Police commissioner Frederick H. Bealefeld reiterates policy not to name officers who shoot or kill civilians

News Report: Baltimore police to stop identifying officers who kill, injure suspects

By Justin Fenton
Baltimore Sun

BALTIMORE — Police Commissioner Frederick H. Bealefeld III is defending a new policy not to name police officers who shoot or kill civilians, saying in a letter to City Council members that the change is a safeguard to prevent retaliation and harassment.

Police will release the rank, tenure and assignment of the officer immediately after an incident, he wrote in a letter to City Council President Stephanie C. Rawlings-Blake and Councilman Bernard C. “Jack” Young that was obtained by The Baltimore Sun.

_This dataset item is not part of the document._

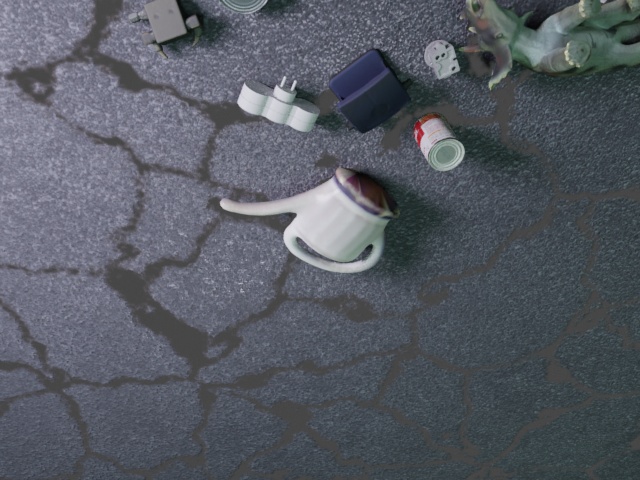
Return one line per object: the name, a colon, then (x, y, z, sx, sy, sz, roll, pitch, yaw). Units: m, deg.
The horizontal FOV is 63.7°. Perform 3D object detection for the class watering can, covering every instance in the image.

The department will wait until after an internal investigation has been completed to decide whether to release the name of an officer who acted justifiably, though Bealefeld said the department will always release the officer’s name and the disciplinary actions taken if a shooting is determined not to be justified.

“With the increasing amount of personal information on any individual available through the Internet, we must take a measured approach in balancing the public’s right to know against personal security,” Bealefeld wrote, citing “home addresses, satellite photographs, credit reports and voting and academic records.”

City and state elected leaders, the National Association for the Advancement of Colored People and the American Civil Liberties Union have criticized the policy. Bealefeld’s letter comes three weeks after Rawlings-Blake and Young wrote to him expressing concerns that it could “undermine the hard-earned, sacred trust between our police officers and the public they serve.”

Young, who chairs the council’s public safety committee, plans to hold a public hearing on the issue.

But the police union backs the plan, and city officials say it follows the practices of the FBI and police departments in New York, Philadelphia, Boston and Atlanta. Baltimore police said they investigated 23 threats against police officers in 2008, though it was unclear how many related to police shootings.

Officials say the policy is informal and has been adopted by the department’s public affairs office.

This year, Baltimore police have shot five people - two fatally - including a knife-wielding man who stabbed his pregnant ex-girlfriend and a man who was carrying an assault rifle. In recent years, the number of people shot by police has been as low as 11, in 2004, and as high as 31, in 2007. Last year, city police shot 21 people.